What is expected →
Output each line of the listing exactly, though pictures are not to appear.

Material for this task →
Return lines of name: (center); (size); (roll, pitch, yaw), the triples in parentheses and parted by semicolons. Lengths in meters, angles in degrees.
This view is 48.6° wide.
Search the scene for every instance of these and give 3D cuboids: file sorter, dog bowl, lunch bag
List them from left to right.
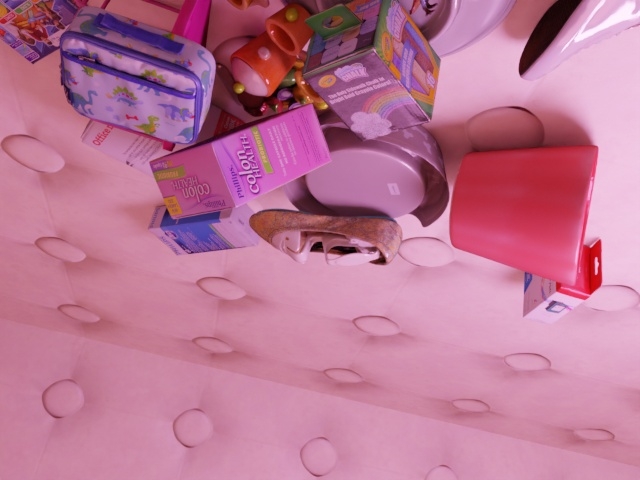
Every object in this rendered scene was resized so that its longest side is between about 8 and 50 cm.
lunch bag: (-0.272, -0.242, 1.054); (0.219, 0.090, 0.176); (19, 146, -5)
file sorter: (-0.299, -0.334, 1.192); (0.182, 0.202, 0.290); (17, 149, -6)
dog bowl: (0.097, -0.140, 1.477); (0.349, 0.102, 0.348); (8, 150, 5)

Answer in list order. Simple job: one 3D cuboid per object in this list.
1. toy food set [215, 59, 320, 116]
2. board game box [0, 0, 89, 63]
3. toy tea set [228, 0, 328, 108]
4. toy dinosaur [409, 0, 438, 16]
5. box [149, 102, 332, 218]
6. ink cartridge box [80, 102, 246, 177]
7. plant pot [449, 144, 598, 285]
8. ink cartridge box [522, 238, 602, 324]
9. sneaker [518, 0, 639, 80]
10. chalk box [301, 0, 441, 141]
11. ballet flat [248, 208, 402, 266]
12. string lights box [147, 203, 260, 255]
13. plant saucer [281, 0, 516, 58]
toy food set: (-0.094, -0.274, 1.349); (0.218, 0.071, 0.128); (2, 148, 16)
board game box: (-0.522, -0.411, 1.303); (0.201, 0.035, 0.136); (-12, 142, 35)
toy tea set: (-0.102, -0.331, 1.135); (0.200, 0.124, 0.336); (32, 163, 37)
toy dinosaur: (0.136, -0.352, 0.978); (0.090, 0.047, 0.082); (-3, 130, 42)
box: (-0.146, -0.145, 1.303); (0.214, 0.243, 0.117); (-5, 110, 49)
ink cartridge box: (-0.325, -0.224, 1.468); (0.273, 0.114, 0.197); (27, 147, -25)
plant pot: (0.391, -0.061, 1.377); (0.243, 0.274, 0.275); (9, 150, 21)
ink cartridge box: (0.567, 0.091, 1.670); (0.078, 0.134, 0.231); (16, 149, -6)
sneaker: (0.415, -0.324, 1.055); (0.123, 0.105, 0.290); (22, 147, -13)
chalk box: (0.066, -0.271, 1.047); (0.132, 0.132, 0.213); (-11, 142, 36)
ballet flat: (0.000, 0.000, 1.533); (0.349, 0.123, 0.123); (4, 149, 14)
string lights box: (-0.293, -0.036, 1.809); (0.260, 0.076, 0.133); (-6, 145, 27)
plant saucer: (0.103, -0.390, 1.061); (0.401, 0.100, 0.400); (9, 149, 5)

Answer →
Return lines of name: (center); (size); (roll, pitch, yaw), the triples in parentheses and parted by semicolons. Lengths in meters, angles in degrees.
This view is 48.6° wide.
Search the scene for every instance of these and give 3D cuboids: file sorter, dog bowl, lunch bag
List them from left to right.
Every object in this rendered scene was resized so that its longest side is between about 8 and 50 cm.
lunch bag: (-0.272, -0.242, 1.054); (0.219, 0.090, 0.176); (19, 146, -5)
file sorter: (-0.299, -0.334, 1.192); (0.182, 0.202, 0.290); (17, 149, -6)
dog bowl: (0.097, -0.140, 1.477); (0.349, 0.102, 0.348); (8, 150, 5)

Answer in list order. Simple job: one 3D cuboid per object in this list.
1. toy food set [215, 59, 320, 116]
2. board game box [0, 0, 89, 63]
3. toy tea set [228, 0, 328, 108]
4. toy dinosaur [409, 0, 438, 16]
5. box [149, 102, 332, 218]
6. ink cartridge box [80, 102, 246, 177]
7. plant pot [449, 144, 598, 285]
8. ink cartridge box [522, 238, 602, 324]
9. sneaker [518, 0, 639, 80]
10. chalk box [301, 0, 441, 141]
11. ballet flat [248, 208, 402, 266]
12. string lights box [147, 203, 260, 255]
13. plant saucer [281, 0, 516, 58]
toy food set: (-0.094, -0.274, 1.349); (0.218, 0.071, 0.128); (2, 148, 16)
board game box: (-0.522, -0.411, 1.303); (0.201, 0.035, 0.136); (-12, 142, 35)
toy tea set: (-0.102, -0.331, 1.135); (0.200, 0.124, 0.336); (32, 163, 37)
toy dinosaur: (0.136, -0.352, 0.978); (0.090, 0.047, 0.082); (-3, 130, 42)
box: (-0.146, -0.145, 1.303); (0.214, 0.243, 0.117); (-5, 110, 49)
ink cartridge box: (-0.325, -0.224, 1.468); (0.273, 0.114, 0.197); (27, 147, -25)
plant pot: (0.391, -0.061, 1.377); (0.243, 0.274, 0.275); (9, 150, 21)
ink cartridge box: (0.567, 0.091, 1.670); (0.078, 0.134, 0.231); (16, 149, -6)
sneaker: (0.415, -0.324, 1.055); (0.123, 0.105, 0.290); (22, 147, -13)
chalk box: (0.066, -0.271, 1.047); (0.132, 0.132, 0.213); (-11, 142, 36)
ballet flat: (0.000, 0.000, 1.533); (0.349, 0.123, 0.123); (4, 149, 14)
string lights box: (-0.293, -0.036, 1.809); (0.260, 0.076, 0.133); (-6, 145, 27)
plant saucer: (0.103, -0.390, 1.061); (0.401, 0.100, 0.400); (9, 149, 5)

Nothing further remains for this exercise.